Alors que l’original se déroulait en Cornouailles, au sud‑ouest de l’Angleterre, et que le personnage de Hoffman était un scientifique d’origine américaine, cette nouvelle mouture choisit de circonscrire son intrigue au territoire américain, mettant en opposition les deux visages sociologiques des USA. Ainsi, les « bouseux » anglais sont remplacés par les rednecks du Sud (ici le Mississippi, bien que le film ait été tourné en Louisiane) et le scientifique devient un séduisant scénariste hollywoodien.
Même si l’ensemble s’avère un peu trop stéréotypé, c’est donc la rivalité entre deux mondes au sein d’un même pays que choisit de dépeindre Rod Lurie : Démocrates contre Républicains, gens des côtes contre population du Deep South, athées contre fervents croyants, anti et pro guerre en Irak… C’est l’Amérique binaire que l’on voit ici s’entretuer, incapable de parvenir à des compromis car radicalement opposée dans sa conception de la vie ‑jusqu’au rôle de Dieu dans tous les événements du quotidien‑, irréfutable pour les Sudistes du film tandis que le héros tente de fuir l’obscurantisme ambiant.
Mais au‑delà de l’hostilité d’une communauté à l’égard de « l'étranger », c’est l’état de la féminité et de la masculinité que le film questionne, toujours à travers les deux milieux représentés à l’écran. Du côté des Sudistes, la femme reste un objet de convoitise à posséder (voir la scène de viol, toutefois moins crue et ambiguë que dans le film de 1971). Si sa position semble bien plus enviable auprès de son mari, certains traits du comportement de ce dernier trahissent son désir de modeler son épouse à sa guise.

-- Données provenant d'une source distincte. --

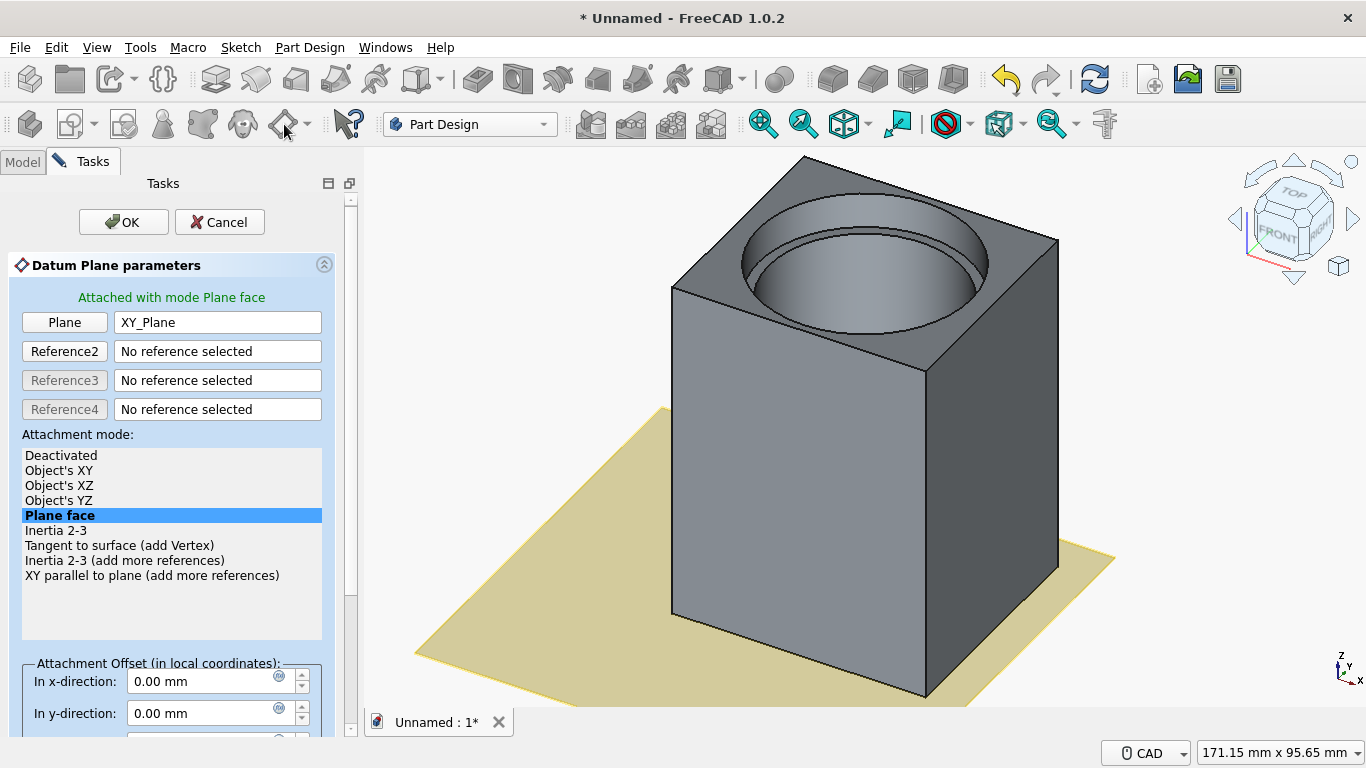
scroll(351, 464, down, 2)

L’exercice de la masculinité est donc le véritable propos du film : ici, le mâle supposé dominant (Alexander Skarsgård) fait preuve de violence, envers la femme qu’il désire, son rival masculin et le gibier qu’il chasse pour asseoir sa toute‑puissance, tandis que l’érudit (Marsden) ne cédera à la violence que pour défendre les valeurs auxquelles il croit (la défense de l’opprimé, la justice et non la loi du talion) et protéger celle qu’il aime. C’est en cela que Rod Lurie se démarque de Peckinpah : en se rangeant du côté de son héros, homme imparfait mais dont l’usage de la violence est à visée pacifiste, et non un acte pulsionnel.
Il en résulte un long métrage intéressant, jamais complaisant, mais un brin archétypal et difficilement comparable à son modèle, œuvre radicale dans sa forme comme dans son fond. Et dommage que Walton Goggins, l'inoubliable Shane Vendrell de The Shield, ne soit pas exploité à sa juste valeur.